- WHAT YOU NEED TO DO
The data should be written out in full, exactly as it stands, and the pictures dropped.

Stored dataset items
※ ※ ※

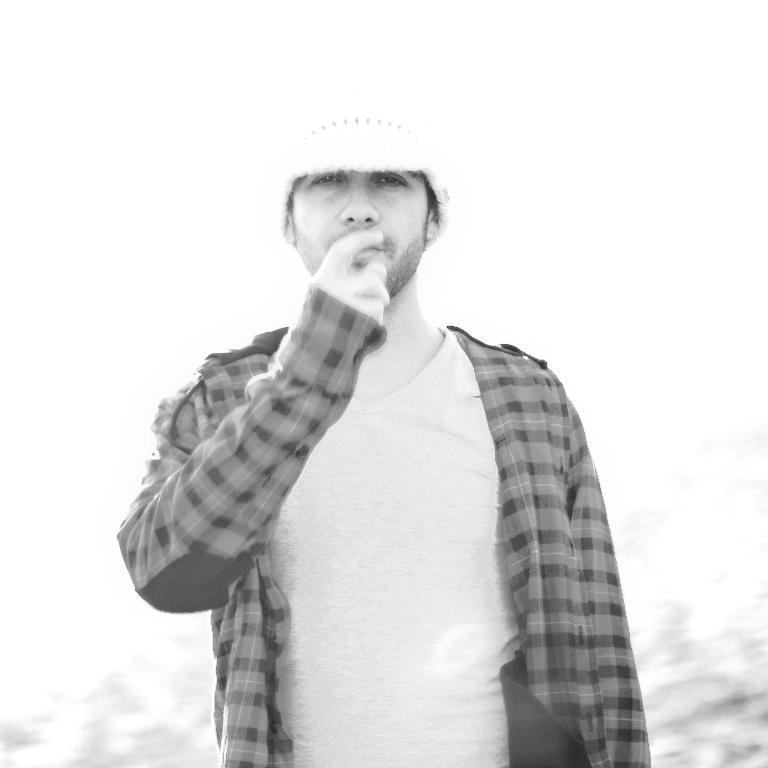What is the main subject in the foreground of the image? There is a man standing in the foreground of the image. What is the man wearing in the image? The man is wearing a shirt in the image. What is the color scheme of the image? The image is in black and white. What is the background of the image? There is a white background in the image. What is the name of the man's uncle in the image? There is no information about the man's uncle in the image, as it only shows a man standing in the foreground. What is the birth date of the man in the image? There is no information about the man's birth date in the image, as it only shows a man standing in the foreground. 
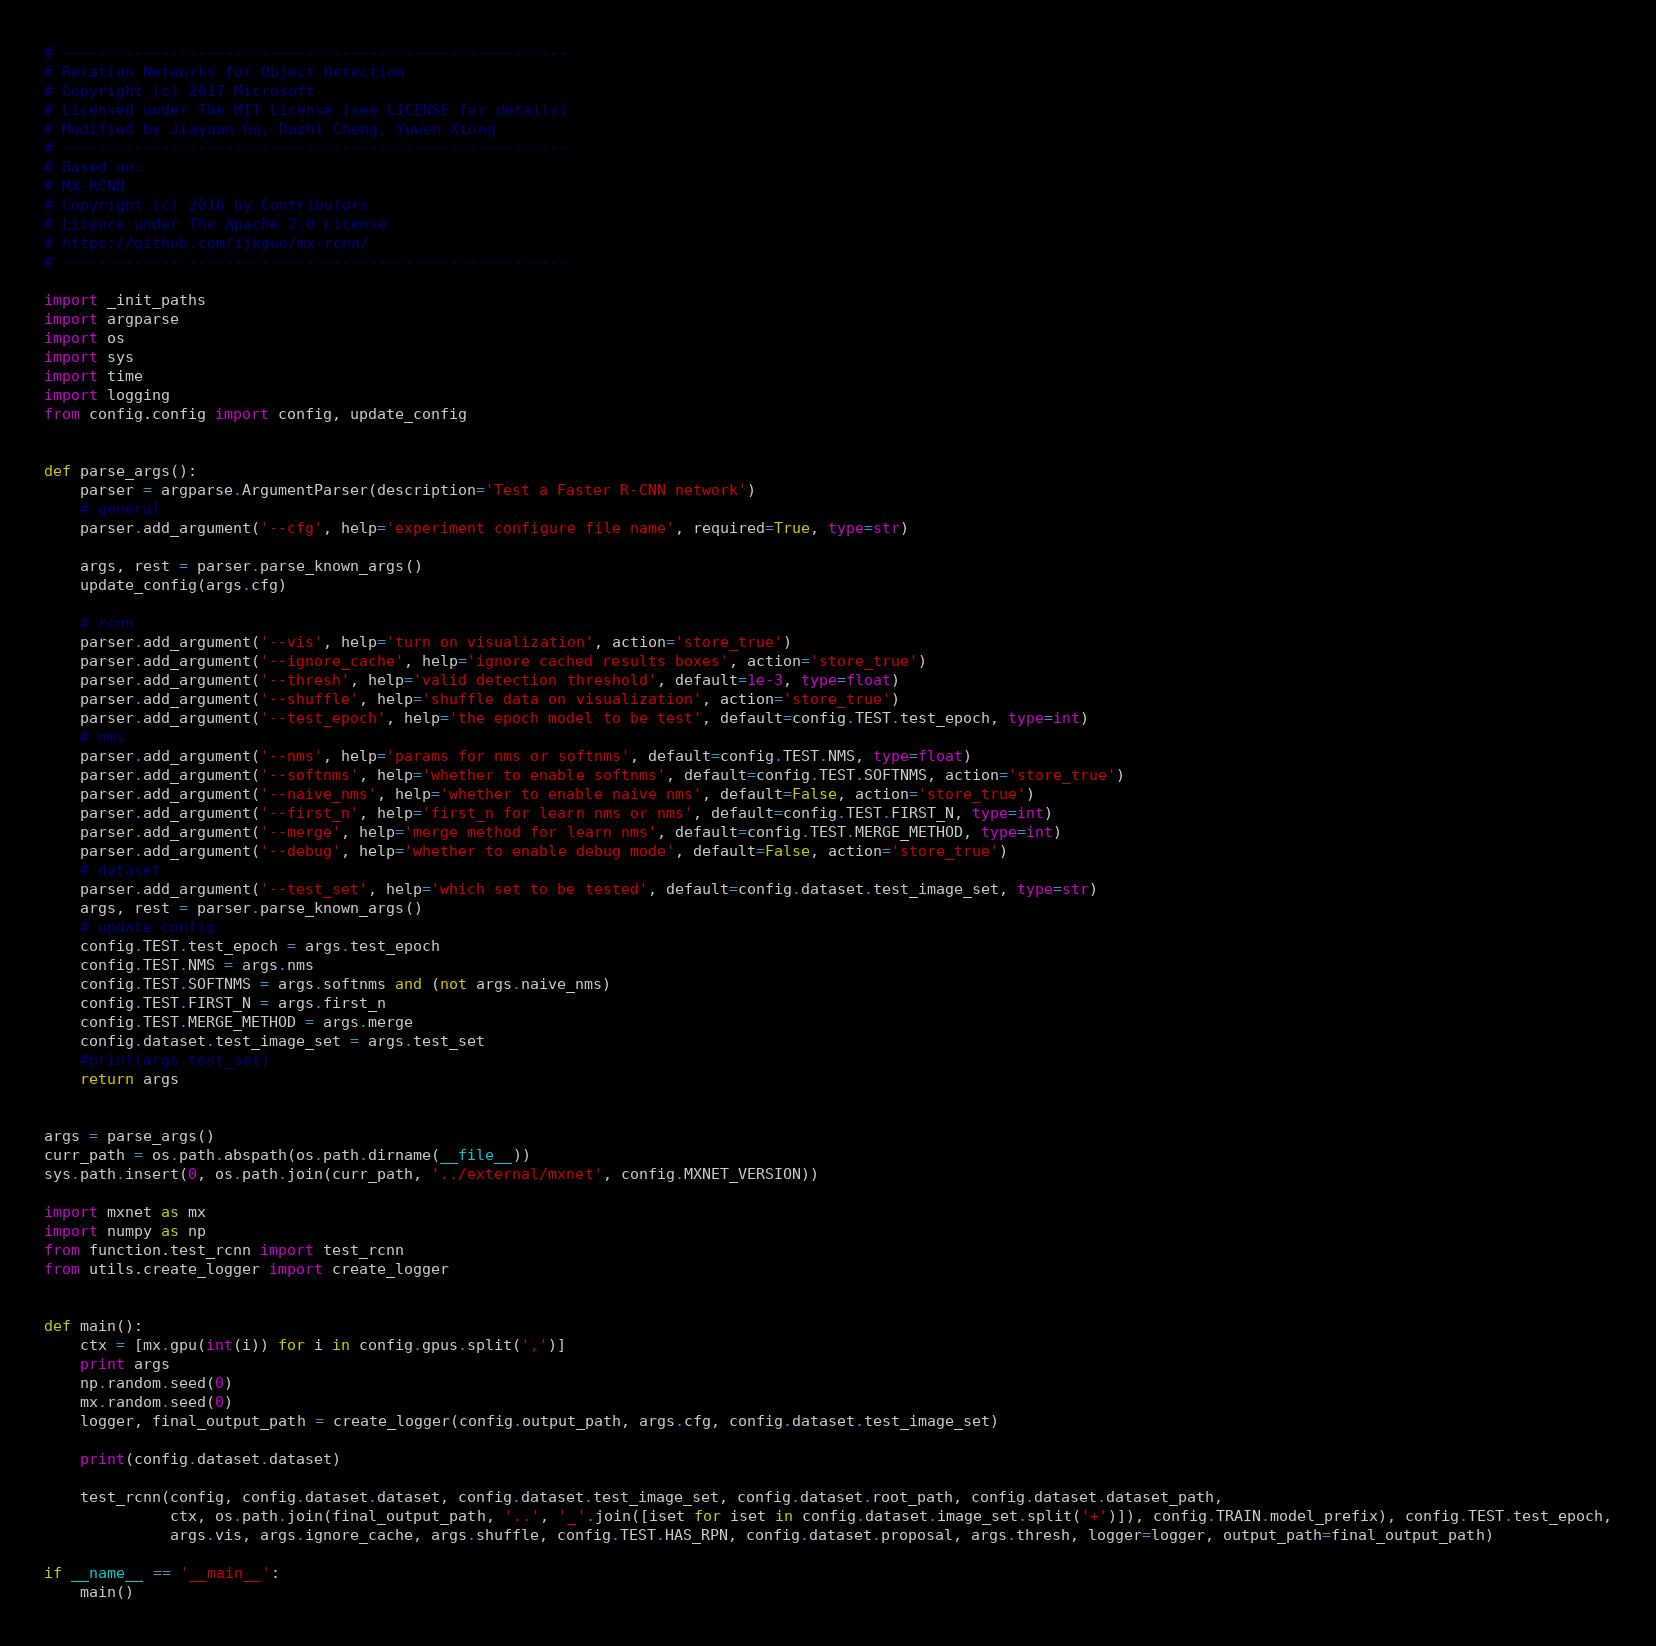Convert code to text. <code><loc_0><loc_0><loc_500><loc_500><_Python_># --------------------------------------------------------
# Relation Networks for Object Detection
# Copyright (c) 2017 Microsoft
# Licensed under The MIT License [see LICENSE for details]
# Modified by Jiayuan Gu, Dazhi Cheng, Yuwen Xiong
# --------------------------------------------------------
# Based on:
# MX-RCNN
# Copyright (c) 2016 by Contributors
# Licence under The Apache 2.0 License
# https://github.com/ijkguo/mx-rcnn/
# --------------------------------------------------------

import _init_paths
import argparse
import os
import sys
import time
import logging
from config.config import config, update_config


def parse_args():
    parser = argparse.ArgumentParser(description='Test a Faster R-CNN network')
    # general
    parser.add_argument('--cfg', help='experiment configure file name', required=True, type=str)

    args, rest = parser.parse_known_args()
    update_config(args.cfg)

    # rcnn
    parser.add_argument('--vis', help='turn on visualization', action='store_true')
    parser.add_argument('--ignore_cache', help='ignore cached results boxes', action='store_true')
    parser.add_argument('--thresh', help='valid detection threshold', default=1e-3, type=float)
    parser.add_argument('--shuffle', help='shuffle data on visualization', action='store_true')
    parser.add_argument('--test_epoch', help='the epoch model to be test', default=config.TEST.test_epoch, type=int)
    # nms
    parser.add_argument('--nms', help='params for nms or softnms', default=config.TEST.NMS, type=float)
    parser.add_argument('--softnms', help='whether to enable softnms', default=config.TEST.SOFTNMS, action='store_true')
    parser.add_argument('--naive_nms', help='whether to enable naive nms', default=False, action='store_true')
    parser.add_argument('--first_n', help='first_n for learn nms or nms', default=config.TEST.FIRST_N, type=int)
    parser.add_argument('--merge', help='merge method for learn nms', default=config.TEST.MERGE_METHOD, type=int)
    parser.add_argument('--debug', help='whether to enable debug mode', default=False, action='store_true')
    # dataset
    parser.add_argument('--test_set', help='which set to be tested', default=config.dataset.test_image_set, type=str)
    args, rest = parser.parse_known_args()
    # update config
    config.TEST.test_epoch = args.test_epoch
    config.TEST.NMS = args.nms
    config.TEST.SOFTNMS = args.softnms and (not args.naive_nms)
    config.TEST.FIRST_N = args.first_n
    config.TEST.MERGE_METHOD = args.merge
    config.dataset.test_image_set = args.test_set
    #print(args.test_set)
    return args


args = parse_args()
curr_path = os.path.abspath(os.path.dirname(__file__))
sys.path.insert(0, os.path.join(curr_path, '../external/mxnet', config.MXNET_VERSION))

import mxnet as mx
import numpy as np
from function.test_rcnn import test_rcnn
from utils.create_logger import create_logger


def main():
    ctx = [mx.gpu(int(i)) for i in config.gpus.split(',')]
    print args
    np.random.seed(0)
    mx.random.seed(0)
    logger, final_output_path = create_logger(config.output_path, args.cfg, config.dataset.test_image_set)

    print(config.dataset.dataset)

    test_rcnn(config, config.dataset.dataset, config.dataset.test_image_set, config.dataset.root_path, config.dataset.dataset_path,
              ctx, os.path.join(final_output_path, '..', '_'.join([iset for iset in config.dataset.image_set.split('+')]), config.TRAIN.model_prefix), config.TEST.test_epoch,
              args.vis, args.ignore_cache, args.shuffle, config.TEST.HAS_RPN, config.dataset.proposal, args.thresh, logger=logger, output_path=final_output_path)

if __name__ == '__main__':
    main()
</code>

※ ※ ※

- RESULT FOR THIS EXERCISE
What is the main subject in the foreground of the image? There is a man standing in the foreground of the image. What is the man wearing in the image? The man is wearing a shirt in the image. What is the color scheme of the image? The image is in black and white. What is the background of the image? There is a white background in the image. What is the name of the man's uncle in the image? There is no information about the man's uncle in the image, as it only shows a man standing in the foreground. What is the birth date of the man in the image? There is no information about the man's birth date in the image, as it only shows a man standing in the foreground. 
Convert code to text. <code><loc_0><loc_0><loc_500><loc_500><_Python_># --------------------------------------------------------
# Relation Networks for Object Detection
# Copyright (c) 2017 Microsoft
# Licensed under The MIT License [see LICENSE for details]
# Modified by Jiayuan Gu, Dazhi Cheng, Yuwen Xiong
# --------------------------------------------------------
# Based on:
# MX-RCNN
# Copyright (c) 2016 by Contributors
# Licence under The Apache 2.0 License
# https://github.com/ijkguo/mx-rcnn/
# --------------------------------------------------------

import _init_paths
import argparse
import os
import sys
import time
import logging
from config.config import config, update_config


def parse_args():
    parser = argparse.ArgumentParser(description='Test a Faster R-CNN network')
    # general
    parser.add_argument('--cfg', help='experiment configure file name', required=True, type=str)

    args, rest = parser.parse_known_args()
    update_config(args.cfg)

    # rcnn
    parser.add_argument('--vis', help='turn on visualization', action='store_true')
    parser.add_argument('--ignore_cache', help='ignore cached results boxes', action='store_true')
    parser.add_argument('--thresh', help='valid detection threshold', default=1e-3, type=float)
    parser.add_argument('--shuffle', help='shuffle data on visualization', action='store_true')
    parser.add_argument('--test_epoch', help='the epoch model to be test', default=config.TEST.test_epoch, type=int)
    # nms
    parser.add_argument('--nms', help='params for nms or softnms', default=config.TEST.NMS, type=float)
    parser.add_argument('--softnms', help='whether to enable softnms', default=config.TEST.SOFTNMS, action='store_true')
    parser.add_argument('--naive_nms', help='whether to enable naive nms', default=False, action='store_true')
    parser.add_argument('--first_n', help='first_n for learn nms or nms', default=config.TEST.FIRST_N, type=int)
    parser.add_argument('--merge', help='merge method for learn nms', default=config.TEST.MERGE_METHOD, type=int)
    parser.add_argument('--debug', help='whether to enable debug mode', default=False, action='store_true')
    # dataset
    parser.add_argument('--test_set', help='which set to be tested', default=config.dataset.test_image_set, type=str)
    args, rest = parser.parse_known_args()
    # update config
    config.TEST.test_epoch = args.test_epoch
    config.TEST.NMS = args.nms
    config.TEST.SOFTNMS = args.softnms and (not args.naive_nms)
    config.TEST.FIRST_N = args.first_n
    config.TEST.MERGE_METHOD = args.merge
    config.dataset.test_image_set = args.test_set
    #print(args.test_set)
    return args


args = parse_args()
curr_path = os.path.abspath(os.path.dirname(__file__))
sys.path.insert(0, os.path.join(curr_path, '../external/mxnet', config.MXNET_VERSION))

import mxnet as mx
import numpy as np
from function.test_rcnn import test_rcnn
from utils.create_logger import create_logger


def main():
    ctx = [mx.gpu(int(i)) for i in config.gpus.split(',')]
    print args
    np.random.seed(0)
    mx.random.seed(0)
    logger, final_output_path = create_logger(config.output_path, args.cfg, config.dataset.test_image_set)

    print(config.dataset.dataset)

    test_rcnn(config, config.dataset.dataset, config.dataset.test_image_set, config.dataset.root_path, config.dataset.dataset_path,
              ctx, os.path.join(final_output_path, '..', '_'.join([iset for iset in config.dataset.image_set.split('+')]), config.TRAIN.model_prefix), config.TEST.test_epoch,
              args.vis, args.ignore_cache, args.shuffle, config.TEST.HAS_RPN, config.dataset.proposal, args.thresh, logger=logger, output_path=final_output_path)

if __name__ == '__main__':
    main()
</code>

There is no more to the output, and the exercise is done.